Required work: In the entries below, find the line with "Identify the document" and the line with "text Minister Kaag: [422, 235, 1087, 257]". Return those two lines and all lines between them, exactly.

Listed entries:
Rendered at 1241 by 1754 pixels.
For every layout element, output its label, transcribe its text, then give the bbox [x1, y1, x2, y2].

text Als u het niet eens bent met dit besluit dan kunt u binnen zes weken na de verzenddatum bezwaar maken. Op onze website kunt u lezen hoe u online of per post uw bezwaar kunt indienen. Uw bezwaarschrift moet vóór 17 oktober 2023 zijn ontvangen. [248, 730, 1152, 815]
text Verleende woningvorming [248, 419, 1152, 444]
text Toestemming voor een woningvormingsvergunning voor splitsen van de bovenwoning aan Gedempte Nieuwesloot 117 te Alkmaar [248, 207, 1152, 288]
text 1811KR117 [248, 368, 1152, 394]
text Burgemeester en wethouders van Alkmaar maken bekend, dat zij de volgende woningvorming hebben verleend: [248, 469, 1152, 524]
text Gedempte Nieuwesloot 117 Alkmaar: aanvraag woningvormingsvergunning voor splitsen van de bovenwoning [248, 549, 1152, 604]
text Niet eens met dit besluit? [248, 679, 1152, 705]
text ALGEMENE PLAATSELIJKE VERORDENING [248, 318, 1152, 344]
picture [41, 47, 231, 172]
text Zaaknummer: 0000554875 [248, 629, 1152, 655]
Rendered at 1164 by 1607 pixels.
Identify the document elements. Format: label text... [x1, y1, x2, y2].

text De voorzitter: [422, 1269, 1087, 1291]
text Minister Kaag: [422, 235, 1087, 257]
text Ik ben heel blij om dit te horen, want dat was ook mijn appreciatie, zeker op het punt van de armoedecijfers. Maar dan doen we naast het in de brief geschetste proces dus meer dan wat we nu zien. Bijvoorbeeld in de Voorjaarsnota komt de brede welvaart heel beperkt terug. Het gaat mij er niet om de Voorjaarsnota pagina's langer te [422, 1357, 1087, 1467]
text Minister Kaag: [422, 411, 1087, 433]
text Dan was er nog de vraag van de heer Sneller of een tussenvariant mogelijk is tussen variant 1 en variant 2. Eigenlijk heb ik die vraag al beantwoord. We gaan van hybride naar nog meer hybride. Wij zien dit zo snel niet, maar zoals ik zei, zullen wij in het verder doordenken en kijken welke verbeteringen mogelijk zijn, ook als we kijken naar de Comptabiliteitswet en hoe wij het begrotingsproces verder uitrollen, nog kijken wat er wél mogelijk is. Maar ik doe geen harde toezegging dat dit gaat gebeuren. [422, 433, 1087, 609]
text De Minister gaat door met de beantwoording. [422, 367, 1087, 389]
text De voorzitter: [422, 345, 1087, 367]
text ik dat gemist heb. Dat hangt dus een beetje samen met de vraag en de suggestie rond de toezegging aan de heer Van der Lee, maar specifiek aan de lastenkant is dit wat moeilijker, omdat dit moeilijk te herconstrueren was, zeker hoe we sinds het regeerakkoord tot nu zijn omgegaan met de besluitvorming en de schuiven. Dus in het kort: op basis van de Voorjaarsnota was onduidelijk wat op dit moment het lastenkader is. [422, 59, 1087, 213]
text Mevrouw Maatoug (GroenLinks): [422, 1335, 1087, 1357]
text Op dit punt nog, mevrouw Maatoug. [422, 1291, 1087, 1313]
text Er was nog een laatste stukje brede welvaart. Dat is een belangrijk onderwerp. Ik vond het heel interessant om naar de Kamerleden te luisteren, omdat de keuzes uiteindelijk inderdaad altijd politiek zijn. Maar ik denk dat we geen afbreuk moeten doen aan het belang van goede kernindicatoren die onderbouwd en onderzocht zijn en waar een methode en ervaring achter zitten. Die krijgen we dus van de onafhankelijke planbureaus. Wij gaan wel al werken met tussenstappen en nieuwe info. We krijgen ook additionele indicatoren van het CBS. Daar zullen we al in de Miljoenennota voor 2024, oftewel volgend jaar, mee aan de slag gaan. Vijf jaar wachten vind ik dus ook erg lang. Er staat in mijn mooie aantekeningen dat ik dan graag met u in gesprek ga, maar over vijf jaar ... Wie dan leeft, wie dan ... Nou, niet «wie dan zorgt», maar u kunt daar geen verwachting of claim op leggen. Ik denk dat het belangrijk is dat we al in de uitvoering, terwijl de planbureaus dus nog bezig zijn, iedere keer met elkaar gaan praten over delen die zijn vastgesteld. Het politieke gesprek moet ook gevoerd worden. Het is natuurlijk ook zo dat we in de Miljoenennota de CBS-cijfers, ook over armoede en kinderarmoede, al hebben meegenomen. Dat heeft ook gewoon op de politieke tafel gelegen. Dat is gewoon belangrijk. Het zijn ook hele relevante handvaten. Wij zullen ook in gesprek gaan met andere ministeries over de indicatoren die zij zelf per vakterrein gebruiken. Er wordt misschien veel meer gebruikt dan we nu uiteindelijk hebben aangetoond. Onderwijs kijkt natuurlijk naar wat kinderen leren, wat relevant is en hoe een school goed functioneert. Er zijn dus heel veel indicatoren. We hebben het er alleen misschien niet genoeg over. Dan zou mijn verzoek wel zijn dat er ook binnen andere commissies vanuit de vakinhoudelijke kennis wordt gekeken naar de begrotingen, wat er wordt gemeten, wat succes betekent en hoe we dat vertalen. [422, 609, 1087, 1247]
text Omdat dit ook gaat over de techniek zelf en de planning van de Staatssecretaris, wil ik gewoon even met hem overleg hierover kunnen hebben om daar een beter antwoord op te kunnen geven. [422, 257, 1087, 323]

Solved problem:
Identify the document elements. Format: label text... [x1, y1, x2, y2].

text De voorzitter: [422, 1269, 1087, 1291]
text Minister Kaag: [422, 235, 1087, 257]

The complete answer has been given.